Seven Years and One Month Since Microsoft’s Funeral for the iPhone engadget.com

Peter Bright reports for Ars Technica earlier this week:

During the weekend, Microsoft’s Joe Belfiore tweeted confirmation of something that has been suspected for many months: Microsoft is no longer developing new features or new hardware for Windows Mobile. Existing supported phones will receive bug fixes and security updates, but the platform is essentially now in maintenance mode.

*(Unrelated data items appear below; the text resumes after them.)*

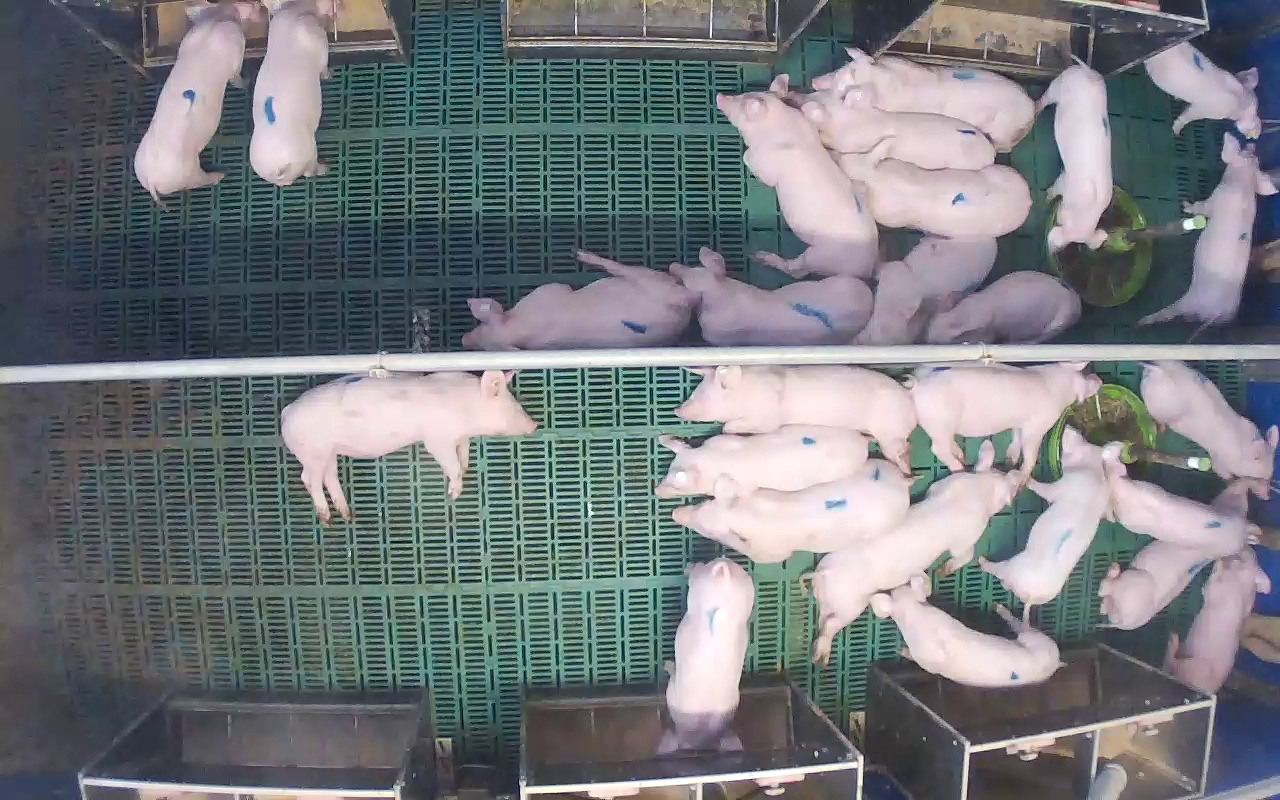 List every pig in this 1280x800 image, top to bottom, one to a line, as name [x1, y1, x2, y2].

pig [134, 0, 258, 212]
pig [249, 0, 337, 189]
pig [1140, 39, 1261, 141]
pig [809, 45, 1037, 155]
pig [1033, 49, 1112, 255]
pig [715, 72, 881, 282]
pig [788, 77, 997, 173]
pig [1138, 131, 1279, 344]
pig [827, 136, 1033, 240]
pig [850, 235, 997, 347]
pig [460, 247, 693, 353]
pig [666, 248, 875, 348]
pig [917, 270, 1082, 344]
pig [1137, 359, 1277, 502]
pig [905, 360, 1103, 485]
pig [675, 362, 916, 475]
pig [279, 369, 536, 528]
pig [978, 423, 1127, 620]
pig [654, 426, 876, 500]
pig [798, 439, 1023, 665]
pig [672, 456, 926, 564]
pig [1101, 461, 1248, 559]
pig [1096, 478, 1263, 630]
pig [1161, 545, 1271, 695]
pig [657, 553, 756, 757]
pig [868, 575, 1066, 688]
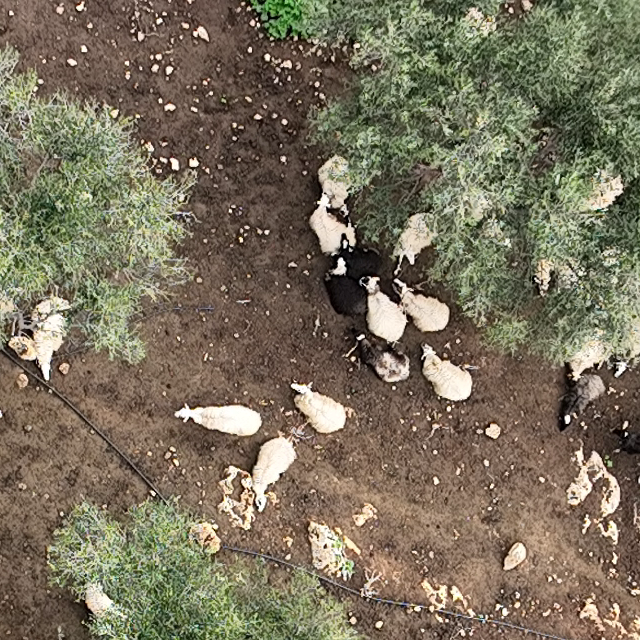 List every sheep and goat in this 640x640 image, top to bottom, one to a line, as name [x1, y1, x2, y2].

sheep [455, 4, 494, 47]
sheep [317, 154, 357, 217]
sheep [564, 167, 621, 213]
sheep [311, 193, 356, 254]
sheep [392, 210, 440, 276]
sheep [340, 236, 382, 277]
sheep [323, 260, 369, 315]
sheep [0, 267, 15, 319]
sheep [359, 277, 409, 340]
sheep [392, 278, 451, 334]
sheep [33, 298, 70, 383]
sheep [613, 314, 639, 375]
sheep [350, 329, 412, 383]
sheep [569, 329, 613, 379]
sheep [419, 341, 474, 401]
sheep [0, 357, 5, 421]
sheep [556, 373, 604, 430]
sheep [289, 383, 347, 434]
sheep [173, 403, 263, 439]
sheep [611, 427, 639, 456]
sheep [252, 436, 296, 513]
sheep [81, 582, 128, 620]
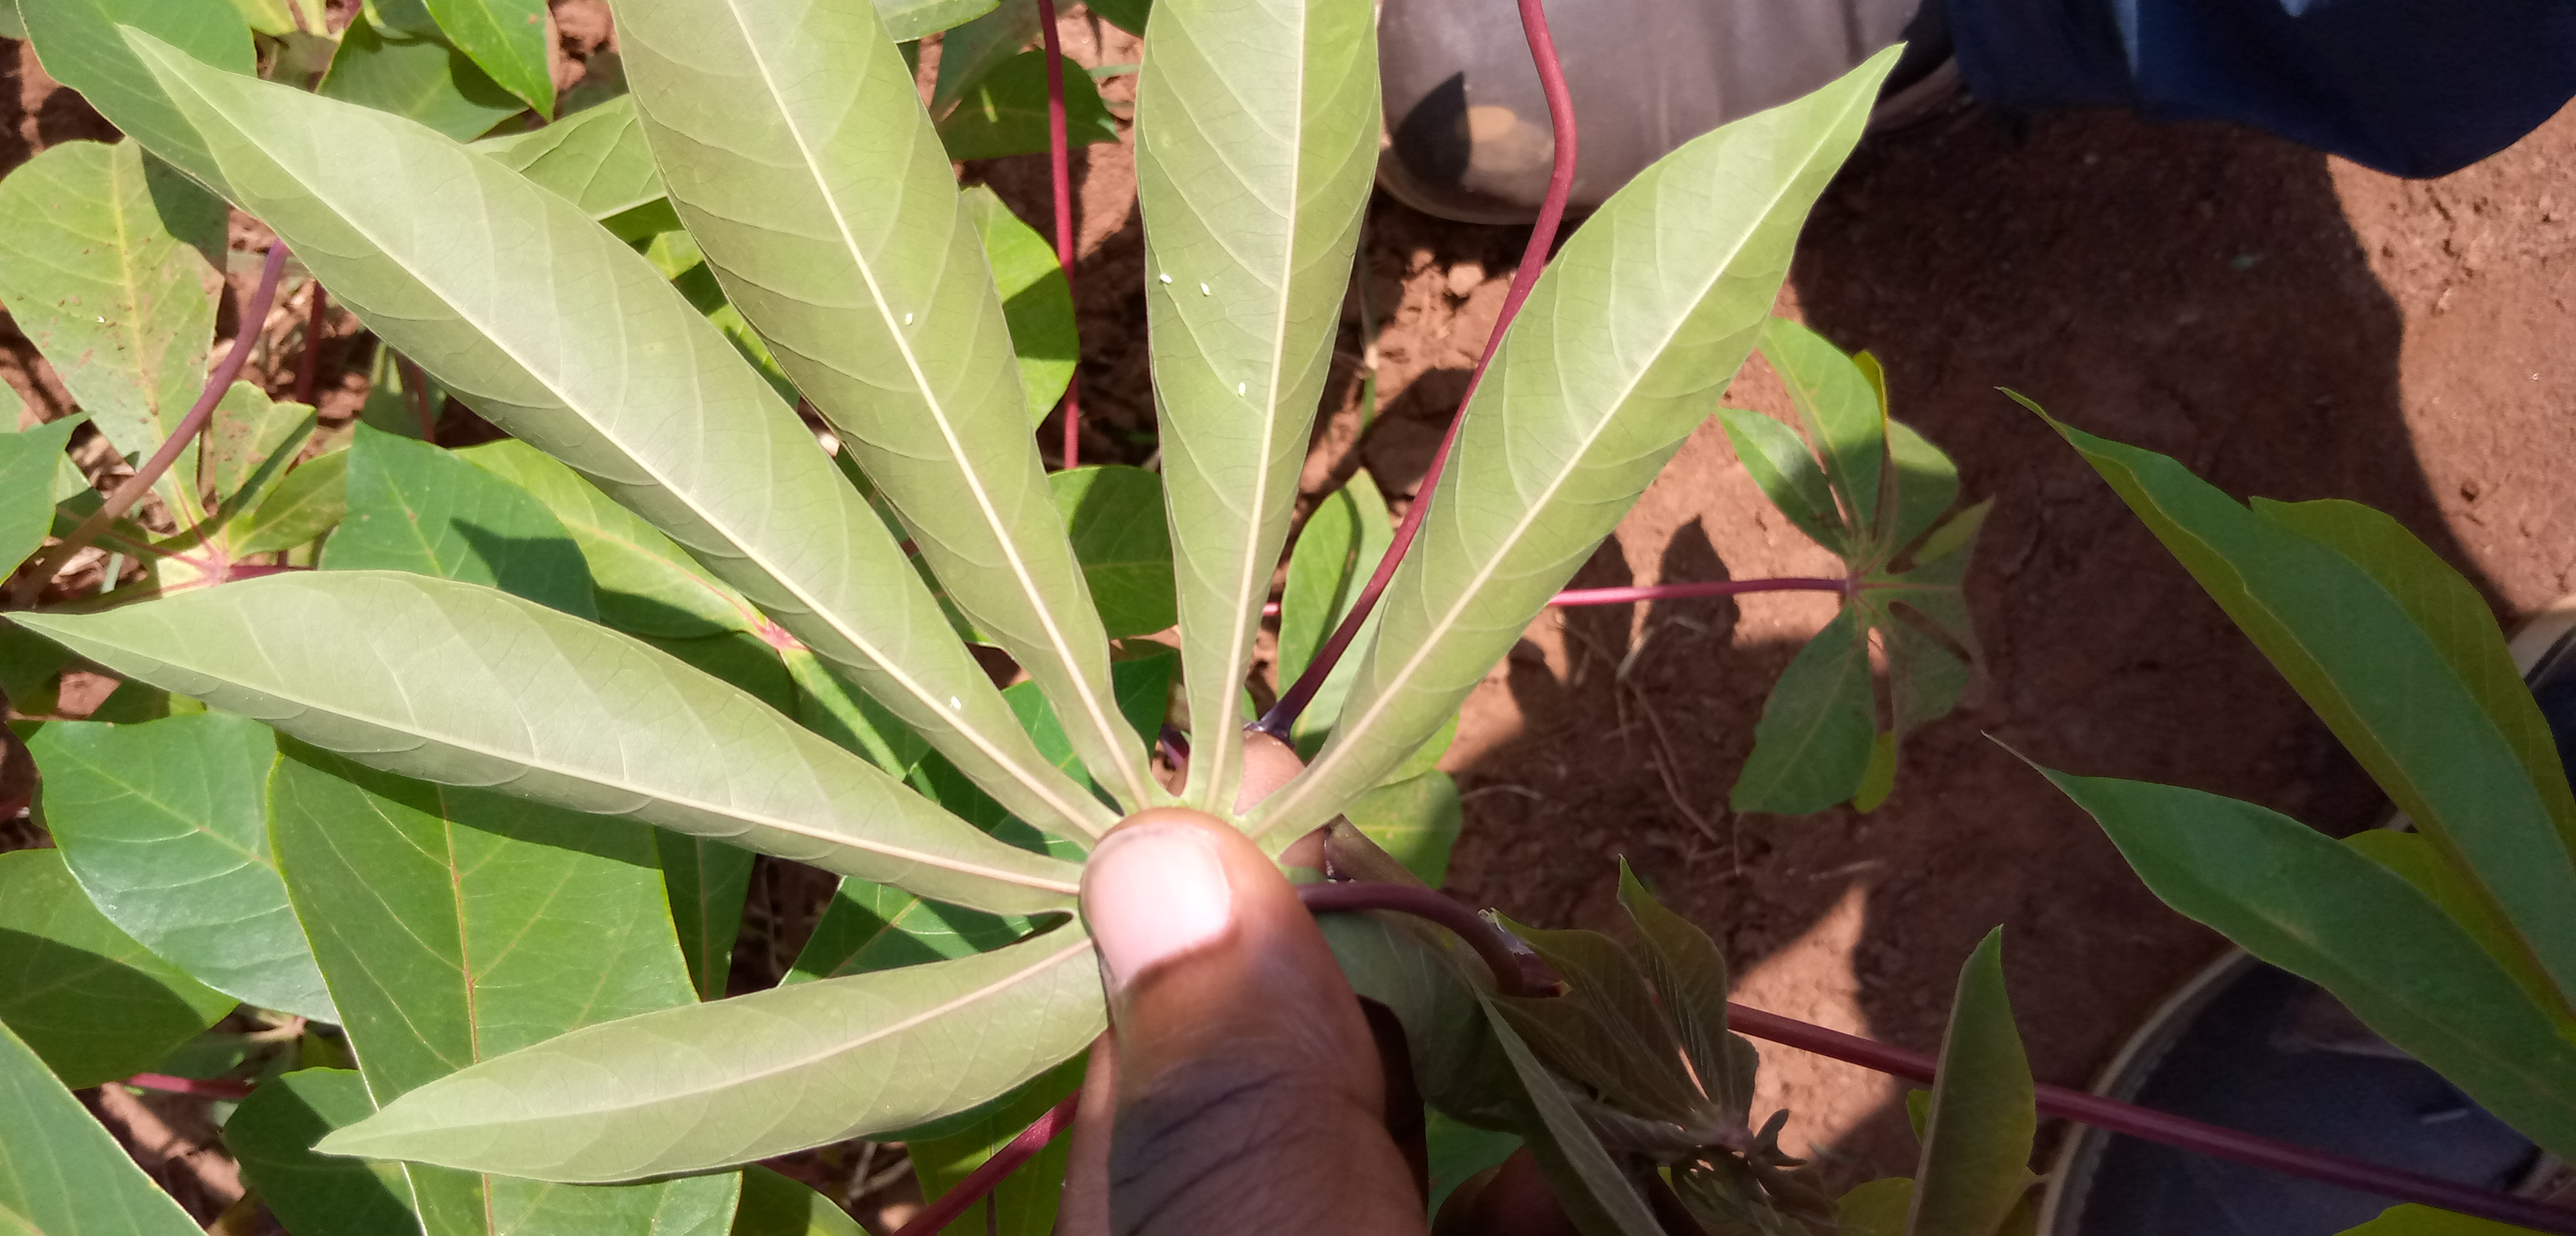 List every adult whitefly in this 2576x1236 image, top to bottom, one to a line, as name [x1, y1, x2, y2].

whitefly [1152, 269, 1173, 293]
whitefly [1195, 274, 1222, 301]
whitefly [898, 304, 918, 332]
whitefly [1233, 375, 1253, 404]
whitefly [943, 693, 979, 722]

Microsoft already announced last year that they would stop making phones, and I expected this announcement would follow sooner than it actually did. Nevertheless, it’s unsurprising, and made worse by a cringeworthy funereal procession that Microsoft held for shipping Windows Phone 7 — their first try at an iPhone OS competitor — three and a half years after Apple first demonstrated the iPhone.

Vlad Savov writing for Engadget in September 2010:

An elaborate parade, replete with hearses and black capes, was organized last week to denote the passing of the BlackBerry and iPhone into the land of unwanted gadgets. We’d say this is done in poor taste, but we don’t enjoy stating the obvious. We will, however, enjoy the fallout from this poorly judged stunt.

They also danced to Michael Jackson’s “Thriller” at the same parade. To be fair to them, BlackBerry really has all but vanished from everyone’s pockets, but its replacements run iOS and Android, not Windows Mobile.